As my teams and I began to build both of these solutions we began to examine how other vendors are accomplishing the same things. We have now looked at dozens of implementations, and then created our own solutions that we believe will give us what we are after. While doing this I began to see a pattern that is an amazing wealth of personal information that Internet users are giving away about themselves ... about who they REALLY are. On one of the largest consumers of all of this personal behavioral information is Google. It's really the scale of their ability to gather this data that caused me to pause and think.

It all starts with a cookie



In doing some research into how ot track consumers, I was surprised to find that most people agree that 99%+ of web browsers operate using the default settings when it comes to cookies. Cookies are the small pieces of data that a web site can pass down to your web browser, and from then on - until the cookie expires - that data is passed back to the web site every time that you access it. Cookies can be defined to last for a very short amount of time - just that particular session - or a very long amount of time ... decades, or even hundreds of years.

So when you first visited Google ... the very first time ... you got your first Google cookie. And this is a good starting point ... when did YOU lose your Google-virginity? When exactly was that first time? Google knows. Even if you have changed computers, browsers, upgraded, etc. there is a chance that Google still knows. They know the year, day, hour, minute, and second. You were given the mark of Google. Ok ... big deal ... so what.

Tracking what you search



The first thing they are now able to do is track every single search that you perform on Google. Lots of people know about this, and understand this is the case. They also know the time of day, day of the week, phase of the moon, weather conditions, popular news, and even the popularity of that particular search when you did it! So what searches do you tend to do late at night during a full moon?
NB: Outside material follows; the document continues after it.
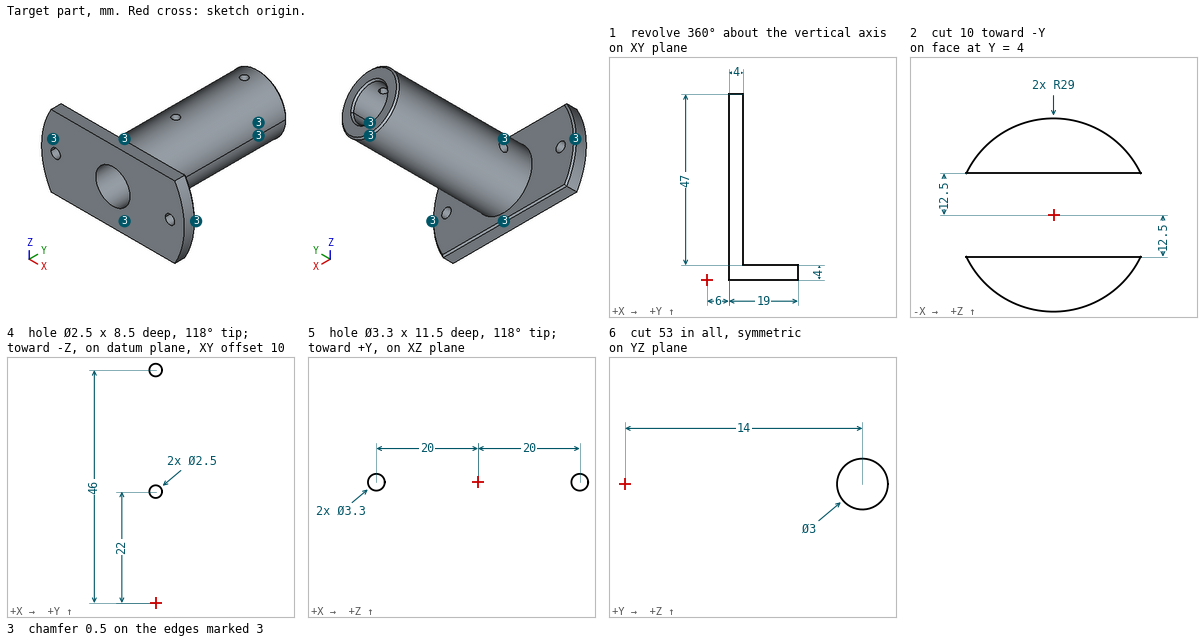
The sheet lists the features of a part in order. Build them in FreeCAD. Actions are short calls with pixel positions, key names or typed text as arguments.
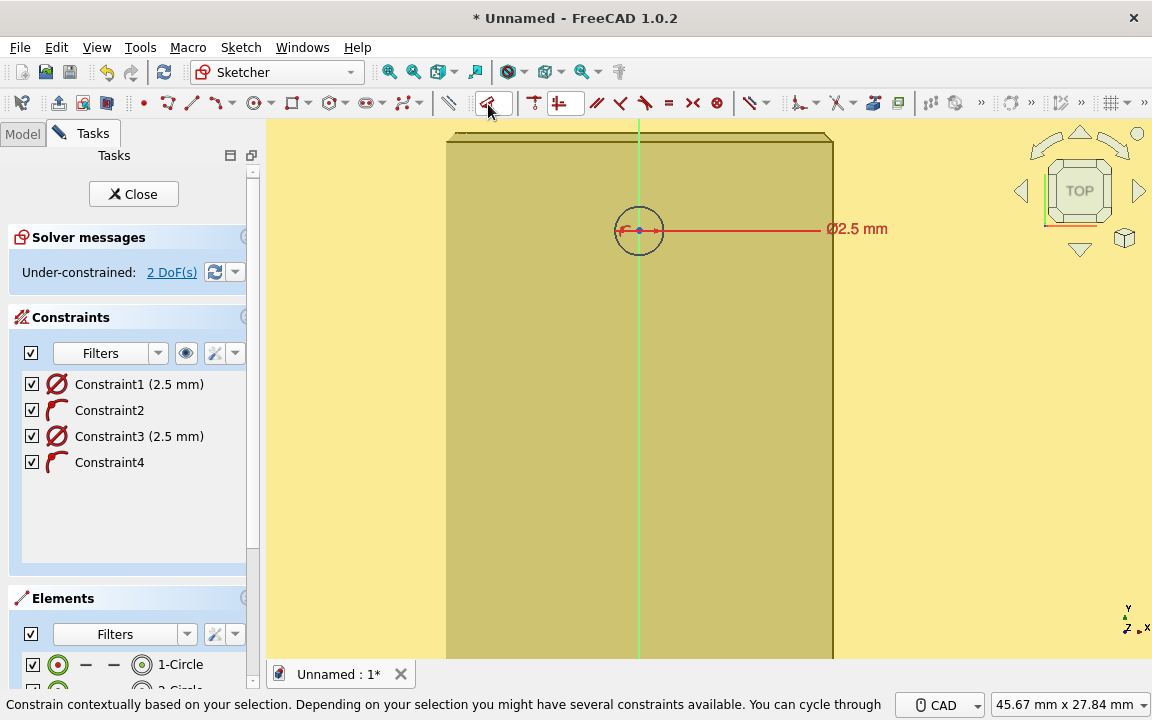
scroll(641, 229, down, 5)

Ask Google ... they know!

In my opinion, it's not really the details of what you searched that have the real value ... it is when you did them, and in what sequences, and what other patterns emerge about you. This is where your true identity begins to emerge. What? You were on-line searching on a Friday night? Not out with friends?

Proliferation of AdWords



Ok ... now this next part is where I started to really think. While working on how to dynamically inject video advertising into a web page, I found that Google is using a very interesting technique for AdWords and Google Analytics. Again ... it's very simple and easy, and many people know this ... however many people do not. And the implications are very interesting.

If you have a web site, and you choose to place AdWords on your web site, Google will give you a nice little bit of HTML to embed in your page. That HTML includes a script tag that will fetch a snippet of Javascript code from Google's servers. The Javascript then causes the AdWords ads to be rendered within your web page. It's actually pretty impressive that when I browse to your website, without being told a thing, my browser will automatically load your page and go and load the script from Googles servers. Clean ... transparent. Ok yeah ... and when it did that ... the Google cookie went with that request. Remember the Google cookie?
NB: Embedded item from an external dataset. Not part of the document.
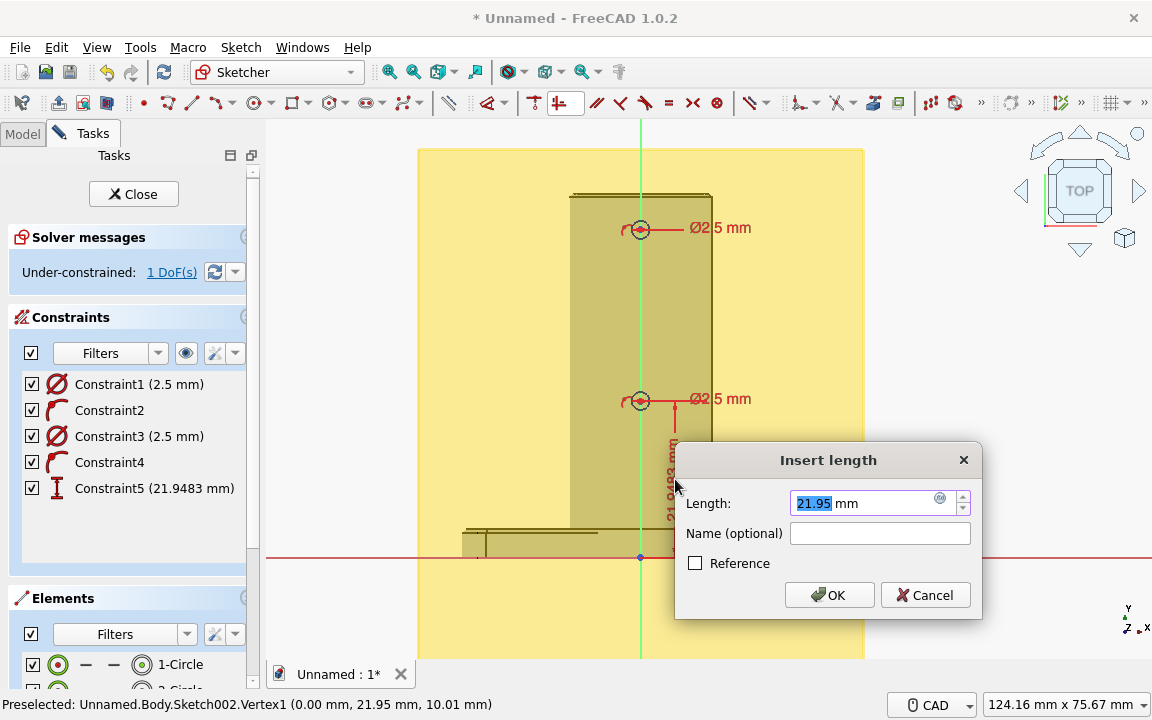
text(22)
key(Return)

Yes ... now it's not just the searches that you do on Google's web site that are being tracked, but also every single web page that you visit that contains Google AdWords!

Tracking what web sites you visit

Google is now notified by your browser any time that you visit a web site that hosts Google AdWords ... and it only gets better. Google recently announced Google Analytics. This is a service that allows web site owners to get detailed analysis of the traffic to their web site, and about the visitors to their web site. Any web site owner who wants this impressive reporting can simply request that Google give them an account. When approved, Google will provide access to the Google Analytics web site, and there you get ... another little bit of HTML to put into your web pages. The little snippet again requests a script from Google, and of course passes along your cookie!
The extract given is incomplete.